Inflation-Indexed Securities   Inflation-indexed securities have a tendency to react to changes in real interest rates. Real interest rates represent nominal (stated) interest rates lowered by the anticipated effect of inflation. In general, the price of an inflation-indexed security can decrease when real interest rates increase, and can increase when real interest rates decrease. Interest payments on inflation-indexed securities will fluctuate as the principal and/or interest is adjusted for inflation and can be unpredictable.

Foreign Securities   Investing in foreign securities typically involves more risks than investing in U.S. securities, including risks related to currency exchange rates and policies, country or government specific issues, less favorable trading practices or regulation and greater price volatility. Certain of these risks also may apply to securities of U.S. companies with significant foreign operations.

Credit   An issuer of debt securities may fail to make interest payments and repay principal when due, in whole or in part. Changes in an issuer's financial strength or in a security's credit rating may affect a security's value.

High-Yield Debt Securities   Issuers of lower-rated or "high-yield" debt securities are not as strong financially as those issuing higher credit quality debt securities. These issuers are more likely to encounter financial difficulties and are more vulnerable to changes in the relevant economy, such as a recession or a sustained period of rising interest rates, that could affect their ability to make interest and principal payments when due.
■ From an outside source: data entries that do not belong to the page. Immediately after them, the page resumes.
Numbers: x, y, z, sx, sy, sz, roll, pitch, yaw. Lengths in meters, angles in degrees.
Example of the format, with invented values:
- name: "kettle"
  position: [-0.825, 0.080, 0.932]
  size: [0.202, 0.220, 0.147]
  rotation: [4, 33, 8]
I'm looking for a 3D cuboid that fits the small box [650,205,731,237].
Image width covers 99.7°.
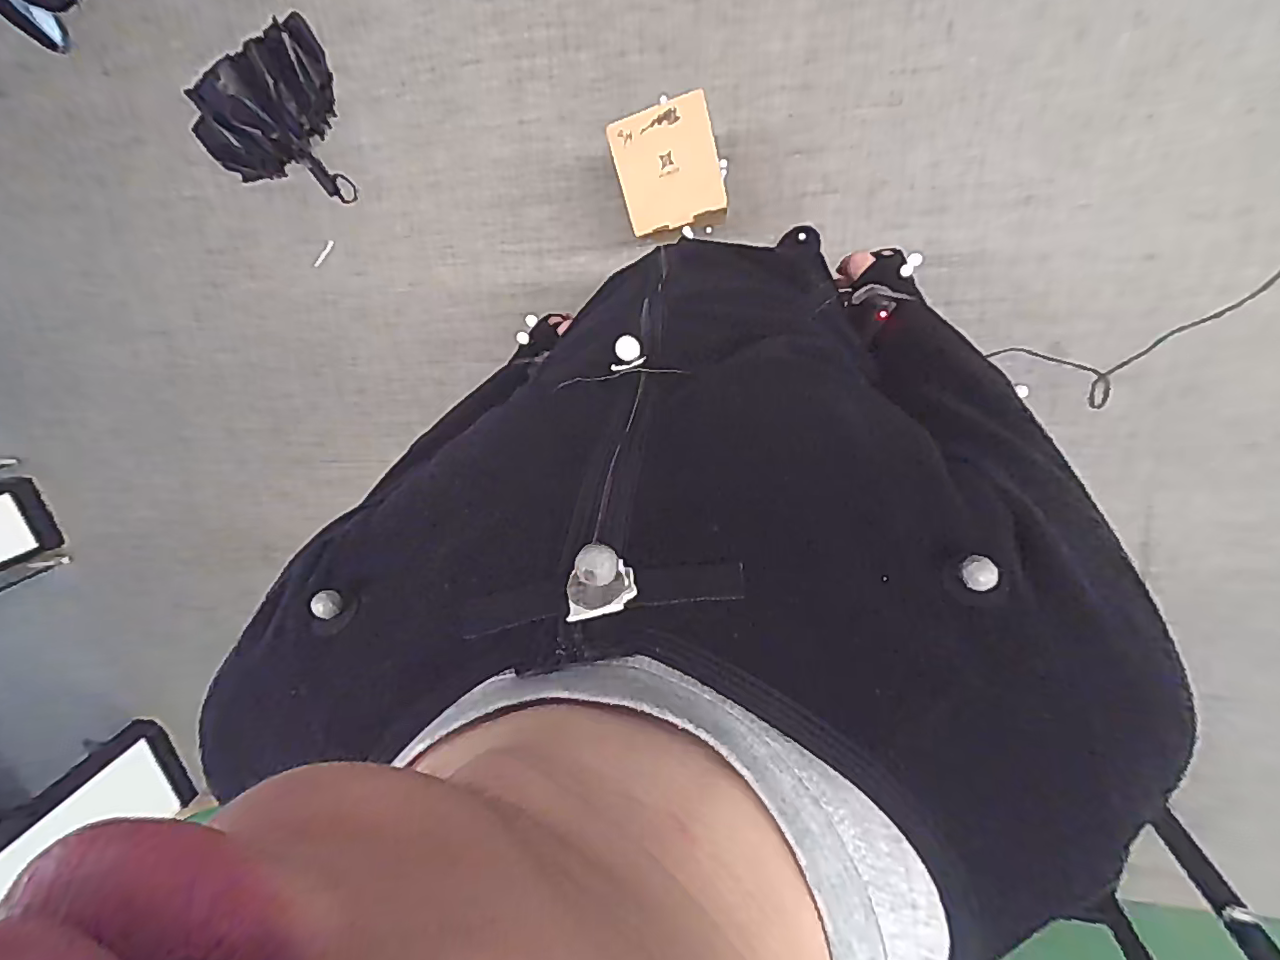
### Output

The prices of high-yield debt securities generally fluctuate more than those of higher credit quality. High-yield debt securities are generally more illiquid (harder to sell) and harder to value.
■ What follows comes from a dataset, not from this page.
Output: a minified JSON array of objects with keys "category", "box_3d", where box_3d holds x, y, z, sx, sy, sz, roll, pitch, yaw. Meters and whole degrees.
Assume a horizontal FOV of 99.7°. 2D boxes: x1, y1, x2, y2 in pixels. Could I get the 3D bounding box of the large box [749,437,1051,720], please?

Income   Because the Fund can only distribute what it earns, the Fund's distributions to shareholders may decline when prevailing interest rates fall or when the Fund experiences defaults on debt securities it holds.

Derivative Instruments   The performance of derivative instruments (including currency related derivatives) depends largely on the performance of an underlying currency, security or index and such instruments often have risks similar to their underlying instrument, in addition to other risks. Derivatives involve costs and can create economic leverage in the Fund's portfolio which may result in significant volatility and cause the Fund to participate in losses (as well as enable gains) in an amount that exceeds the Fund's initial investment. Other risks include illiquidity, mispricing or improper valuation of the derivative instrument, and imperfect correlation between the value of the derivative and the underlying instrument so that the Fund may not realize the intended benefits. When used for hedging, the change in value of the derivative may also not correlate specifically with the currency, security or other risk being hedged. With over-the-counter derivatives, there is the risk that the other party to the transaction will fail to perform.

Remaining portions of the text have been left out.